Durante a fase de crescimento ativo e frutificação, utilize nitrofósforo e outros fertilizantes complexos. Aplique-os em sulcos ao redor do tronco e incorpore-os ao solo. Na primavera e no outono, estrume curtido ou composto (8-10 kg por metro quadrado) é eficaz para melhorar a estrutura do solo e enriquecê-lo com húmus.
Métodos eficazes para resolver o problema
Se o enrolamento das folhas for causado por danos ao sistema radicular, desenterre cuidadosamente a árvore jovem, remova as partes quebradas ou apodrecidas da raiz e transplante a planta para um local adequado com melhores condições.
Ajustar o tratamento de acordo com a causa:
- A falta de umidade é suprida por regas regulares, porém moderadas;
- O excesso de água é eliminado interrompendo temporariamente a irrigação e melhorando a drenagem;
- Caso haja carência de minerais, utilize fertilizantes adequados, levando em consideração o estágio de desenvolvimento da planta;
- Se houver apenas um pequeno número de pragas (por exemplo, pulgões), basta remover manualmente as folhas afetadas juntamente com os insetos e destruí-los.
Remédios eficazes para o enrolamento e amarelecimento das folhas da ameixeira:
- Actellic, Confidor, Iskra. Eles agem rapidamente e eliminam uma grande variedade de pragas. No entanto, devem ser usados estritamente de acordo com as instruções e não antes de 30 dias da colheita.
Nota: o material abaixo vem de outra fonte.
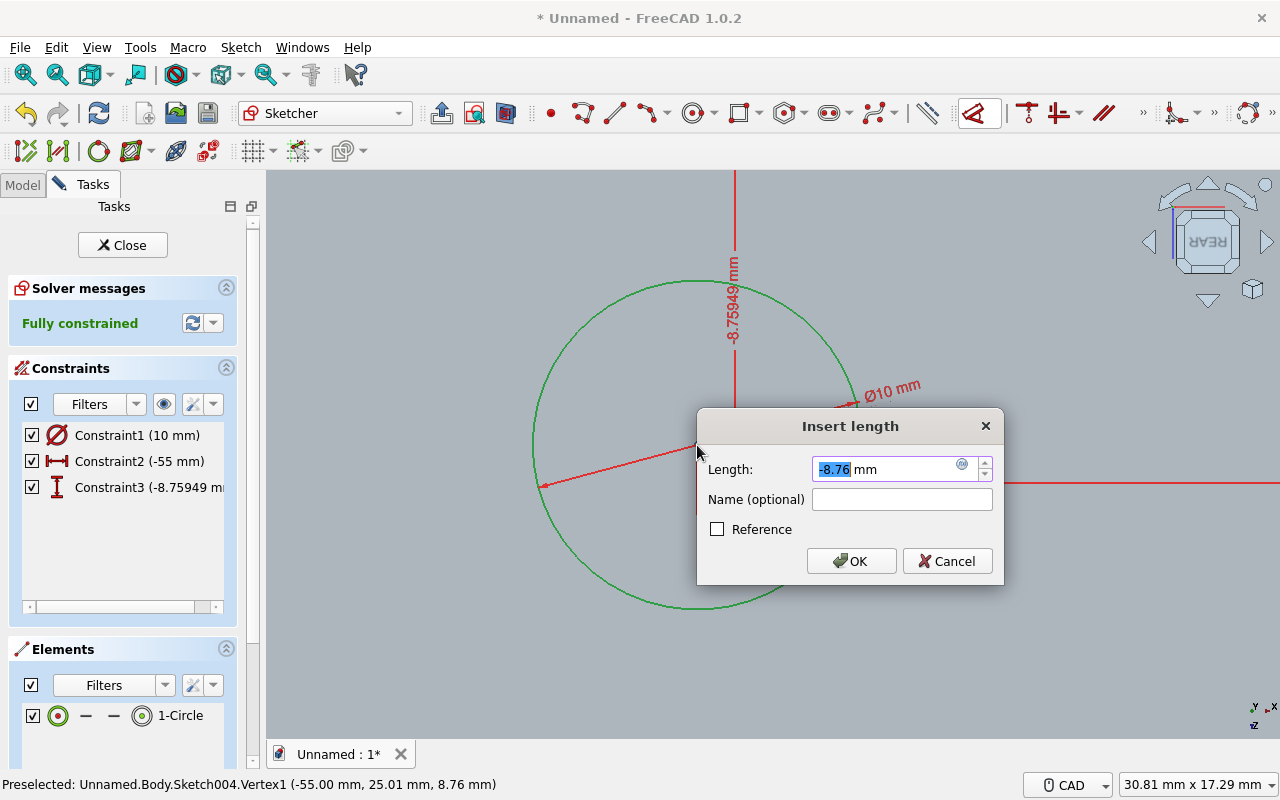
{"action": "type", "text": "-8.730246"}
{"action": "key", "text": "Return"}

- FitovermComeça a fazer efeito em 24 horas, elimina completamente as pragas em uma semana e o efeito protetor dura até 3 semanas. No entanto, é rapidamente removido pela chuva e requer reaplicação.
- Actarina (ou Aktara). Eficaz contra pulgões e outras pragas. Os insetos param de se alimentar de 4 a 6 horas após o tratamento e morrem em 2 a 3 dias.
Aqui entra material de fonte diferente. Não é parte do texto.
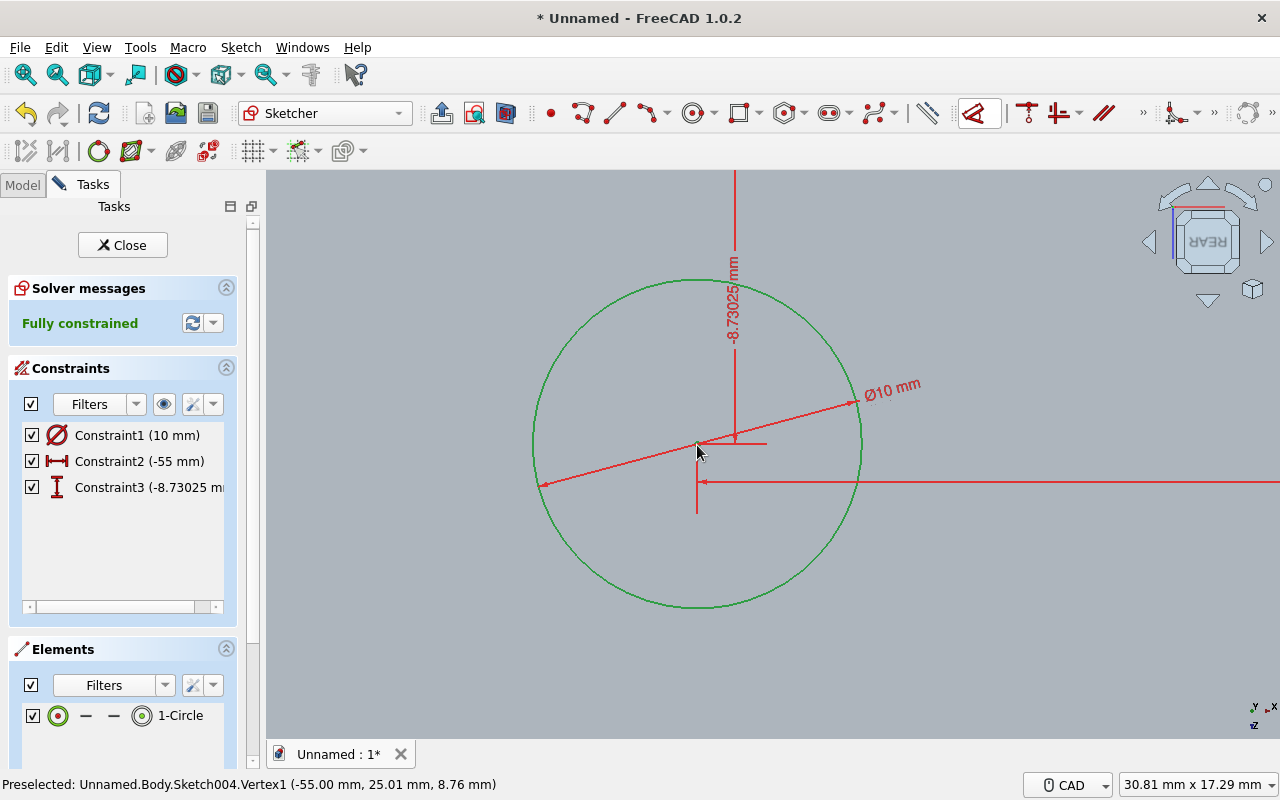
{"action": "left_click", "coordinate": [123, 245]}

Qualquer alteração nas folhas da ameixeira, como enrolamento ou amarelecimento, indica uma interrupção no desenvolvimento normal da árvore. Para manter a planta forte e produtiva, é importante identificar prontamente a causa desses sintomas e tomar as medidas necessárias. Atenção regular e medidas preventivas ajudarão a garantir uma vida longa e uma colheita abundante.